What the exercise asks
Your answer is a copy of every line in the records where "bounding" appears.

------------------------------

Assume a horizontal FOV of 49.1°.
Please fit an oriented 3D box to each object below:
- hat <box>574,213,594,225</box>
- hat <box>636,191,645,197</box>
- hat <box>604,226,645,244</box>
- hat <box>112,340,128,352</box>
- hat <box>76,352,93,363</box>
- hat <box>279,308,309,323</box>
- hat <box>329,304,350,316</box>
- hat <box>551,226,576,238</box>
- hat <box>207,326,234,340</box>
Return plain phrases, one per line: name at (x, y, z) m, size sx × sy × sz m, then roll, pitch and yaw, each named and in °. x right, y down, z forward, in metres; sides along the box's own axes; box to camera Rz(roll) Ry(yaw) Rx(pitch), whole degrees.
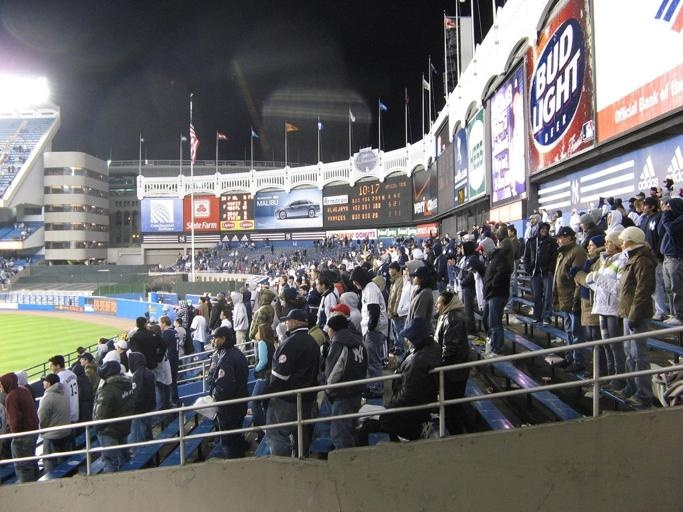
hat at (5.876, -0.907, 18.084) m, size 0.279 × 0.217 × 0.306 m, roll 6°, pitch 20°, yaw 21°
hat at (7.390, -1.535, 18.397) m, size 0.232 × 0.114 × 0.281 m, roll 3°, pitch 7°, yaw 31°
hat at (5.777, -0.431, 15.199) m, size 0.548 × 0.343 × 0.402 m, roll 1°, pitch 2°, yaw 36°
hat at (-5.700, 2.308, 19.188) m, size 0.295 × 0.182 × 0.242 m, roll 25°, pitch 17°, yaw 14°
hat at (-6.539, 2.551, 18.969) m, size 0.326 × 0.192 × 0.241 m, roll 26°, pitch 8°, yaw 15°
hat at (-0.990, 1.239, 15.647) m, size 0.461 × 0.220 × 0.321 m, roll 0°, pitch -5°, yaw 12°
hat at (-0.043, 1.150, 15.997) m, size 0.320 × 0.213 × 0.246 m, roll 2°, pitch -3°, yaw 7°
hat at (5.031, -0.555, 16.730) m, size 0.297 × 0.207 × 0.222 m, roll 10°, pitch 6°, yaw 26°
hat at (-2.622, 1.670, 16.357) m, size 0.395 × 0.262 × 0.317 m, roll 5°, pitch -1°, yaw 3°
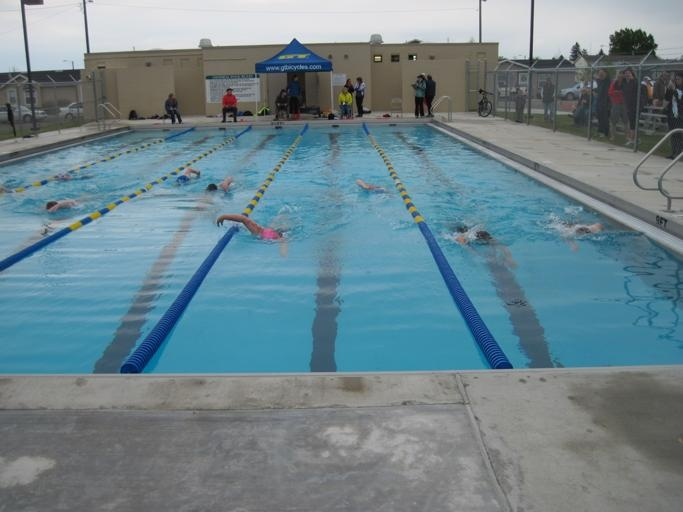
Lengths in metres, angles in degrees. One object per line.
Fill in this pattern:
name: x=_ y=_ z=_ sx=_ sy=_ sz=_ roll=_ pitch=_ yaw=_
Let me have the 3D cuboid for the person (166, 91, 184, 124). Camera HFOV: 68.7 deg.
person: x=-7.460 y=-6.442 z=21.680 sx=0.546 sy=1.269 sz=2.498 roll=-5 pitch=17 yaw=-17

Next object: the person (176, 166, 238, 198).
person: x=-2.488 y=-1.375 z=9.595 sx=0.979 sy=0.303 sz=0.923 roll=10 pitch=25 yaw=10

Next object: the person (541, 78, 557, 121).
person: x=6.979 y=-5.284 z=16.826 sx=0.355 sy=1.391 sz=1.461 roll=5 pitch=17 yaw=15

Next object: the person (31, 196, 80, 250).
person: x=-4.773 y=-0.732 z=8.166 sx=0.341 sy=0.522 sz=1.208 roll=-5 pitch=-12 yaw=-8
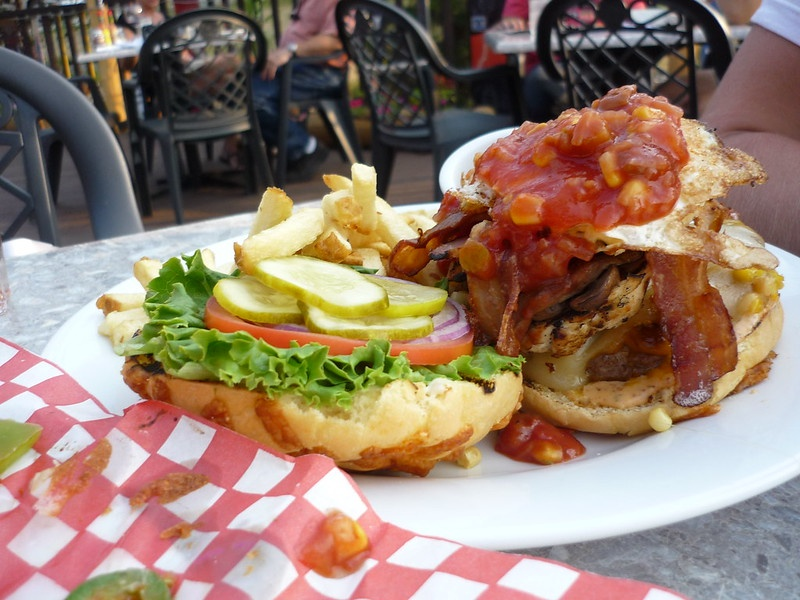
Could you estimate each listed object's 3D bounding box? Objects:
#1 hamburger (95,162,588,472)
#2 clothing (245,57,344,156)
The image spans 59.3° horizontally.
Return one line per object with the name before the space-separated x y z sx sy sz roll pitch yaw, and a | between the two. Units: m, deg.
hamburger | -0.118 0.069 1.222 0.785 0.244 0.601 15 22 -8
clothing | -0.923 -1.698 6.379 1.010 0.677 0.719 -21 38 -30
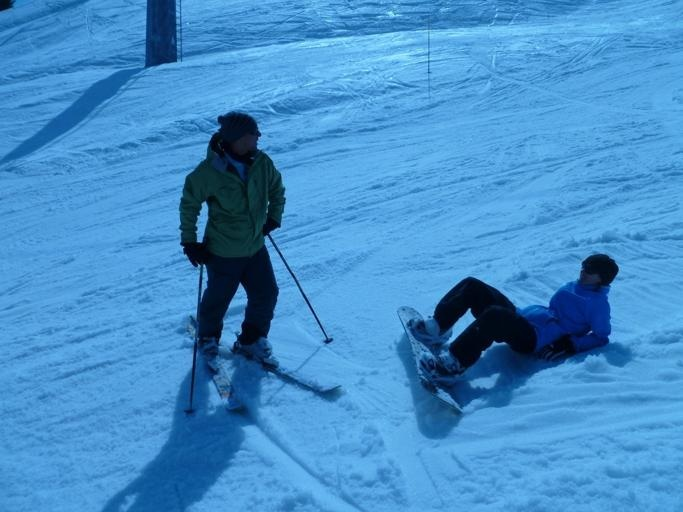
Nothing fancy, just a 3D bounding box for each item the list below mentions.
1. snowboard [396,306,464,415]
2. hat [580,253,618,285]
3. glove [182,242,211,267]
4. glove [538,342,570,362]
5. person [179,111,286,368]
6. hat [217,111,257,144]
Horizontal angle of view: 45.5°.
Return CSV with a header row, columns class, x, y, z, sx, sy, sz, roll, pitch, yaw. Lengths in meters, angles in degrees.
class,x,y,z,sx,sy,sz,roll,pitch,yaw
snowboard,1.008,1.309,10.351,0.508,0.215,1.525,-3,39,-34
hat,3.220,0.169,10.106,0.288,0.390,0.354,-25,30,-33
glove,-1.774,-0.023,10.035,0.275,0.312,0.110,-13,4,-7
glove,2.689,1.198,10.176,0.356,0.084,0.182,-9,31,-1
person,-1.381,-0.161,10.138,1.276,3.122,0.837,-11,27,-8
hat,-1.305,-1.601,9.951,0.462,0.342,0.337,-26,46,-8

------------------------------

Solution
Could you estimate each listed object's 3D bounding box? Objects:
Nothing fancy, just a 3D bounding box for each item the list below mentions.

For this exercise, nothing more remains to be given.